The Sound Pattern of English
- First edition cover
- Authors: Noam Chomsky; Morris Halle;
- Language: English
- Subject: Phonology
- Publisher: Harper & Row
- Publication date: 1968
- Publication place: United States
- Pages: 470

= The Sound Pattern of English =

1968 book by Noam Chomsky and Morris Halle

The Sound Pattern of English (SPE) is a work in phonology by linguists Noam Chomsky and Morris Halle, originally published in 1968. As the first exposition of the framework of generative phonology, it was the authoritative text of the field for most phonologists in the decade following its publication. In SPE, Chomsky and Halle present a view of phonology as a component of generative grammar, alongside syntax and semantics.

A language's phonology is said to consist of a series of computations, termed phonological rules. The phonological rules relate the output of the syntactic component—the "underlying representation"—to a "surface" (or "phonetic") representation, which in turn serves as the input to the articulatory mechanisms that lead to speech. Phonological rules operate on a set of universal phonological categories termed distinctive features, which are the minimal building blocks of phonological representation.

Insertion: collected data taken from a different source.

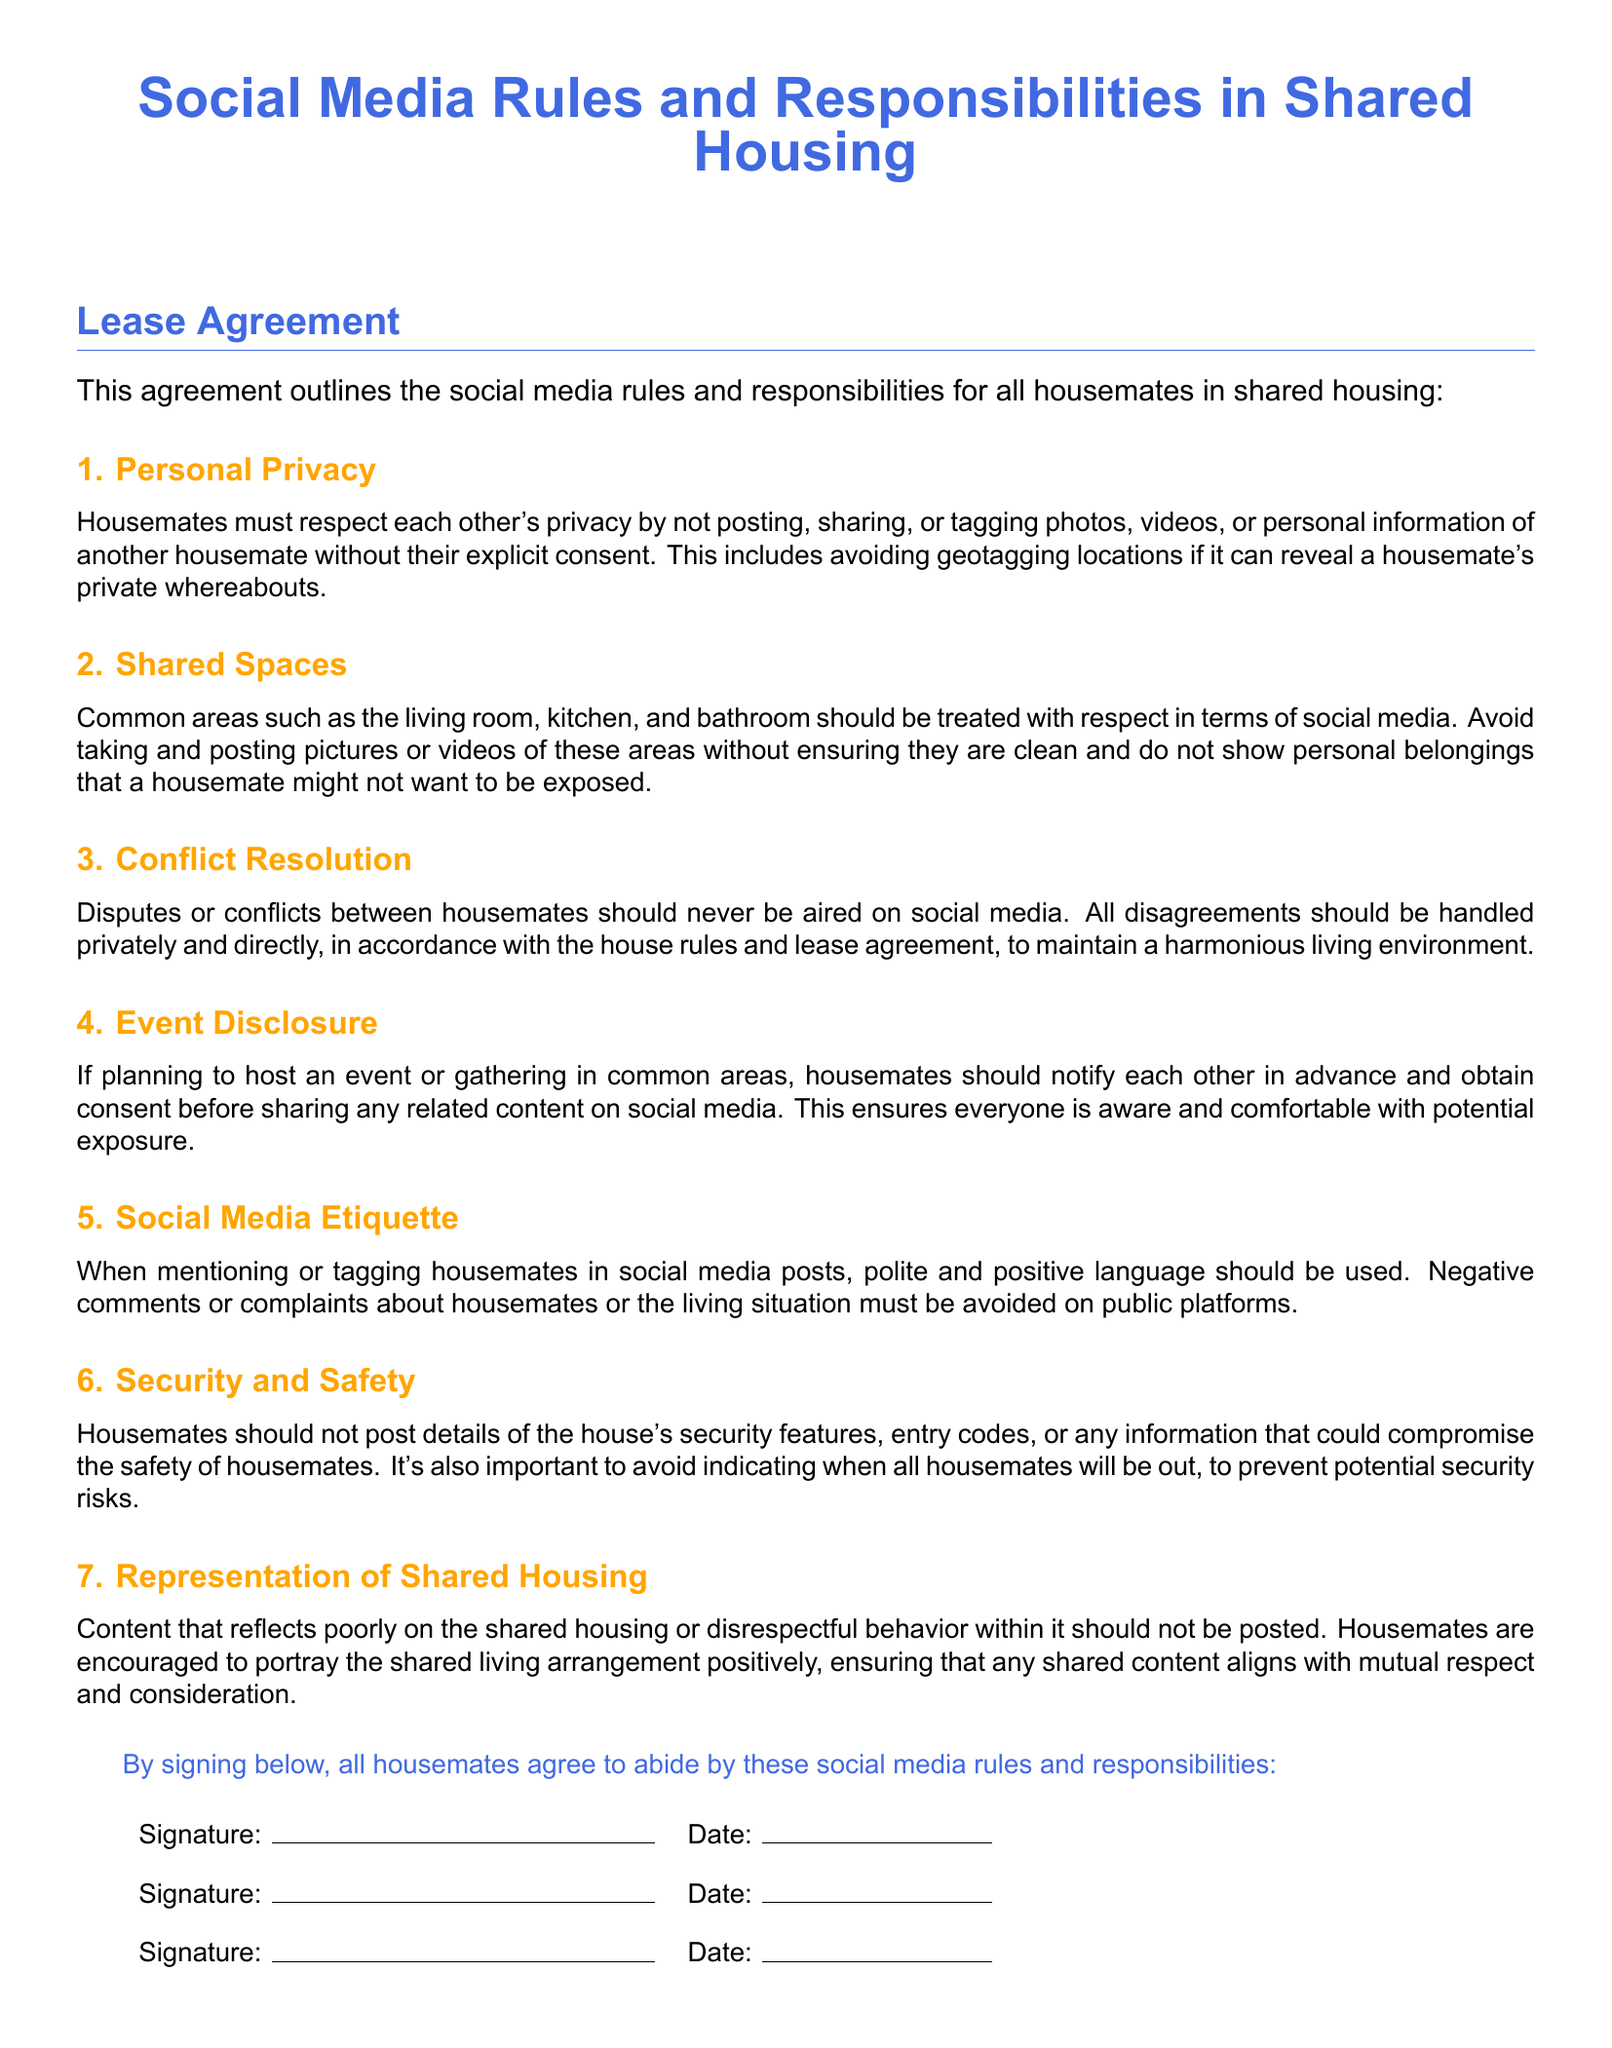What is the title of the document? The title of the document is stated at the top, summarizing its content regarding shared housing social media rules.
Answer: Social Media Rules and Responsibilities in Shared Housing How many sections are listed in the agreement? The document outlines seven specific sections regarding social media rules for housemates.
Answer: 7 What should housemates avoid posting without consent? The agreement emphasizes the importance of privacy and states that specific content should not be shared without permission.
Answer: Photos, videos, or personal information What must housemates do before sharing event-related content? Housemates are required to communicate and obtain consent regarding any event they plan to host in shared spaces.
Answer: Notify each other in advance What kind of language should be used when tagging housemates? The rules regarding social media etiquette indicate that comments should be both polite and constructive.
Answer: Polite and positive language What does the agreement say about disputes among housemates? It specifies that disputes should be handled privately and not aired on social media for a harmonious living situation.
Answer: Never be aired on social media Are housemates allowed to share security features? The document contains a specific rule that discourages sharing security information that could compromise housemate safety.
Answer: No

In America, SPE revolutionized the field of phonology, replacing the previously dominant structuralist approaches with what is now termed classical generative phonology. It abandoned the structuralist notion of the "taxonomic" phoneme, and introduced serial computation with phonological rules. Few of SPEs specific conclusions have survived constant criticism and revision, but the book has remained influential. Much of the work in phonology after the publication of SPE has been dedicated to revising or defending the claims made in SPE.

== Authors ==
Noam Chomsky was born in Philadelphia, Pennsylvania in 1928 to the Hebrew philologist William Chomsky. As an undergraduate at the University of Pennsylvania, Chomsky met Zellig Harris, who introduced him to American structural linguistics. At Harris's suggestion, Chomsky started to work on a grammar of Hebrew. Chomsky worked in "total isolation" for several years, eventually producing his 1949 undergraduate thesis and 1951 masters thesis "Morphophonemics of Modern Hebrew". In 1951, Chomsky was appointed junior fellow at Harvard, where he met and befriended Halle, who was at the time a graduate student at Harvard.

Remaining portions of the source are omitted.